For the data below, work out the number of lines containing the string "Material" and answer with that number only.

[Input for this task Boundary: Start]

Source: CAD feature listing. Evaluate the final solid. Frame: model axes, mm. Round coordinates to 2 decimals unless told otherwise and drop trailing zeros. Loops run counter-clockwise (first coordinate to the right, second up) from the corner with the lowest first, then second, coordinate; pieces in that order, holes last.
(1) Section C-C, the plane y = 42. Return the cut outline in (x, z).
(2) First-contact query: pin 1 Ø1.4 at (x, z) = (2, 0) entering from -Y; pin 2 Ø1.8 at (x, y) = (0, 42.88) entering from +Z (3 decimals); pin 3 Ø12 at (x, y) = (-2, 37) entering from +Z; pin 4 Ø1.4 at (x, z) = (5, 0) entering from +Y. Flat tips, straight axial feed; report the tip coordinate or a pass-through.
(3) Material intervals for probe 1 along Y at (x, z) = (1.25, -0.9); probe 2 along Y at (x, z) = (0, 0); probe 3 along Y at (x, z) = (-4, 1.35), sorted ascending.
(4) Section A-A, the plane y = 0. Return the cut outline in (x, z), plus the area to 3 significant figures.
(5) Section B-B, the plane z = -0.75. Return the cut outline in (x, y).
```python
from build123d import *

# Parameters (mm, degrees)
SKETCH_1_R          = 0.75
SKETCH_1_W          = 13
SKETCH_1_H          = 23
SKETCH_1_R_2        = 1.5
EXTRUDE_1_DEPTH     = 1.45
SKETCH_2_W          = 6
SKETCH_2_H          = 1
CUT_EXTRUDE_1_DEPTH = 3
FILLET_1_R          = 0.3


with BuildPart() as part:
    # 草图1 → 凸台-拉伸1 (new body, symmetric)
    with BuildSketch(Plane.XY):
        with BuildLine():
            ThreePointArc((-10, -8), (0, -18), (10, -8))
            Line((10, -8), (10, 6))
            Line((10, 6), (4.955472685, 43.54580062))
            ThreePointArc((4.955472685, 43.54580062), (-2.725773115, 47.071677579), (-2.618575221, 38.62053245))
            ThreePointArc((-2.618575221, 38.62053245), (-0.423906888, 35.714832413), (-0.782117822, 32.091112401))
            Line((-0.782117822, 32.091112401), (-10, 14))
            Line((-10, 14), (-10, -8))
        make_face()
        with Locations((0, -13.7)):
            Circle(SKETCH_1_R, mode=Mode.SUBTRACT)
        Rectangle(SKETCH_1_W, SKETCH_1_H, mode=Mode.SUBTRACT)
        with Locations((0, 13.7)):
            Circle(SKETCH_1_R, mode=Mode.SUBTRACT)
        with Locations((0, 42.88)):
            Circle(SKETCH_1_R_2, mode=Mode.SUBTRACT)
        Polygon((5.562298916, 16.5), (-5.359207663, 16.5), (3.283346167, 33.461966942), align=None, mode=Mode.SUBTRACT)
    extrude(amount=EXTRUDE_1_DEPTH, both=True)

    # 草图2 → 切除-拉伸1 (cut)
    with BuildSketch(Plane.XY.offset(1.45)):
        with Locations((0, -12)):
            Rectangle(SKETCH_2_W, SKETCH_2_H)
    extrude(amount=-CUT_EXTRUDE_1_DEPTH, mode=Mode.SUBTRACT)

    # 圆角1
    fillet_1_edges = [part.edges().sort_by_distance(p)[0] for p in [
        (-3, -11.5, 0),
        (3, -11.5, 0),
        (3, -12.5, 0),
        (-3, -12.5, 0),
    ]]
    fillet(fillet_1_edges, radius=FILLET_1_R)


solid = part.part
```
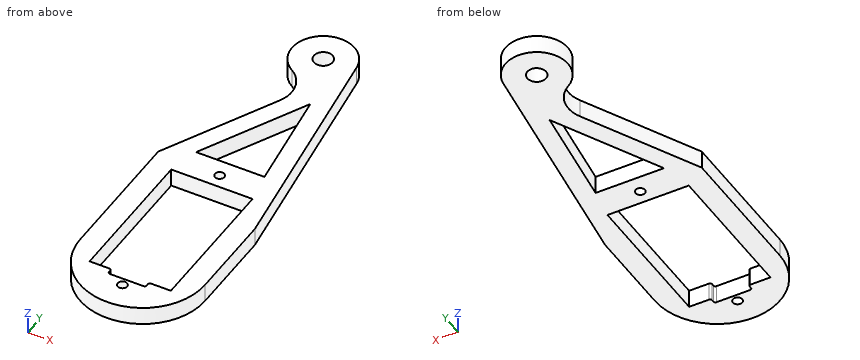
Output values:
1. outline: (-4.92, -1.45) - (-1.21, -1.45) - (-1.21, 1.45) - (-4.92, 1.45) - close; (1.21, -1.45) - (5.16, -1.45) - (5.16, 1.45) - (1.21, 1.45) - close
2. pin 1: stops at y = -17.92
2. pin 2: passes through
2. pin 3: stops at z = 1.45
2. pin 4: stops at y = 45.43
3. probe 1: y = -17.92 to -12.5, 11.5 to 16.5, 29.47 to 42.05, 43.71 to 47.72
3. probe 2: y = -18 to -14.45, -12.95 to -12.5, 11.5 to 12.95, 14.45 to 16.5, 27.02 to 41.38, 44.38 to 47.88
3. probe 3: y = -17.17 to -11.5, 11.5 to 16.5, 19.17 to 25.78, 39.88 to 45.88
4. outline: (-10, -1.45) - (-6.5, -1.45) - (-6.5, 1.45) - (-10, 1.45) - close; (6.5, -1.45) - (10, -1.45) - (10, 1.45) - (6.5, 1.45) - close
4. area: 20.3 mm2
5. outline: (-10, -8) arc R10 ccw to (10, -8) - (10, 6) - (4.96, 43.55) arc R5 ccw (long way) to (-2.62, 38.62) arc R5 cw to (-0.78, 32.09) - (-10, 14) - close; hole (-6.5, -11.5) - (-3.3, -11.5) arc R0.3 cw to (-3, -11.8) - (-3, -12.2) arc R0.3 ccw to (-2.7, -12.5) - (2.7, -12.5) arc R0.3 ccw to (3, -12.2) - (3, -11.8) arc R0.3 cw to (3.3, -11.5) - (6.5, -11.5) - (6.5, 11.5) - (-6.5, 11.5) - close; hole (-5.36, 16.5) - (5.56, 16.5) - (3.28, 33.46) - close; hole circle Ø3 at (0, 42.88); hole circle Ø1.5 at (0, -13.7); hole circle Ø1.5 at (0, 13.7)
```python
from build123d import *

# Parameters (mm, degrees)
BOX024_W     = 59
BOX024_H     = 40
BOX024_DEPTH = 4
BOX002_W     = 86
BOX002_H     = 52
BOX002_DEPTH = 2.2
FILLET_R     = 4


with BuildPart() as display_cut:
    # Box024 → Box024 (new body)
    with BuildSketch(Plane(origin=(-26.5, -20.4, -18), x_dir=(1, 0, 0), z_dir=(0, 0, 1))):
        with Locations((29.5, 20)):
            Rectangle(BOX024_W, BOX024_H)
    extrude(amount=BOX024_DEPTH)


with BuildPart() as main_lid:
    # Box002 → Box002 (new body)
    with BuildSketch(Plane(origin=(-43, -26, -17.2), x_dir=(1, 0, 0), z_dir=(0, 0, 1))):
        with Locations((43, 26)):
            Rectangle(BOX002_W, BOX002_H)
    extrude(amount=BOX002_DEPTH)

    # Fillet
    fillet_edges = [main_lid.edges().sort_by_distance(p)[0] for p in [
        (-43, -26, -16.1),
        (-43, 26, -16.1),
        (43, -26, -16.1),
        (43, 26, -16.1),
    ]]
    fillet(fillet_edges, radius=FILLET_R)

    # Cut004: cut Display Cut
    add(display_cut.part, mode=Mode.SUBTRACT)


solid = main_lid.part
```
Source: CAD feature listing. Evaluate the final solid. Frame: model axes, mm. A direction names the side the tool comes from. Round coordinates to 2 decimals unless told otherwise and drop trailing zeros. Order: outer loops, then holes, each group sorted by start corner. A loop starts at its lowest first (then second) coordinate and runs counter-clockwise, first axis right, second up. Notation, with made-up numbers: (84, 53.5) -> (142, 53.5) arc R20 ccw to (142, 86.5) -> close; hole circle Ø1 at (23, 80.5). An arc over 180 degrees is marked (long way). One line per item, written item: value. Start each with the question number.
Q1. Access query for faces 1 (the flat face through (3, 19.6, -16)), 2 (the cylindrical face through (-41.859, -24.797, -16.085)). Directions: +Z, -Z, +X, -X, +Y, -Y. A direction counts if a zero-diameter tool reaches every point of the face in a straight line with its end or side. Return the directions, or none.
Q2. Section query C-C (z = -16.2). Return the cut outline in (x, y).
Q3. Draft query along Y for faces 3 (the cylindrical face through (-41.859, 24.797, -16.085)), 4 (the flat face through (32.5, -1, -16)), 5 (the cylindrical face through (41.797, -24.859, -16.085)), 6 (the flat face through (-43, 0, -16)). Return one class per face: pulls with the +Y half, pulls with the -Y half, needs draft (parallel to the pull), parting line crosses it, or undercut.
Q4. Pin query (flat end, axial travel): pin 1 (12 mm diameter, centred on x = 29, y = -5, fed in from -Z). Return the tip coordinate at first contact, or that it passes through.
Q5. Section query A-A (y = -19). Return the cut outline in (x, z).
Q6. Section query B-B (x = -25.5). Return the cut outline in (y, z).
Q7. Material intervals for probe 1 along X at (y, z) = (-19.5, -16.5); probe 2 along Y at (x, z) = (-20, -16); probe 3 along X at (y, z) = (23, -17), sorted ascending.
Findings below:
1. face 1: +Z, -Z
1. face 2: +Z, -Z, -X, -Y
2. outline: (-43, -22) arc R4 ccw to (-39, -26) -> (39, -26) arc R4 ccw to (43, -22) -> (43, 22) arc R4 ccw to (39, 26) -> (-39, 26) arc R4 ccw to (-43, 22) -> close; hole (-26.5, -20.4) -> (32.5, -20.4) -> (32.5, 19.6) -> (-26.5, 19.6) -> close
3. face 3: pulls with the +Y half
3. face 4: undercut
3. face 5: pulls with the -Y half
3. face 6: needs draft
4. pin 1: z = -17.2
5. outline: (-43, -17.2) -> (-26.5, -17.2) -> (-26.5, -15) -> (-43, -15) -> close; (32.5, -17.2) -> (43, -17.2) -> (43, -15) -> (32.5, -15) -> close
6. outline: (-26, -17.2) -> (-20.4, -17.2) -> (-20.4, -15) -> (-26, -15) -> close; (19.6, -17.2) -> (26, -17.2) -> (26, -15) -> (19.6, -15) -> close
7. probe 1: -43 to -26.5, 32.5 to 43
7. probe 2: -26 to -20.4, 19.6 to 26
7. probe 3: -42.87 to 42.87

[Input for this task Boundary: End]

### Problem solution:
2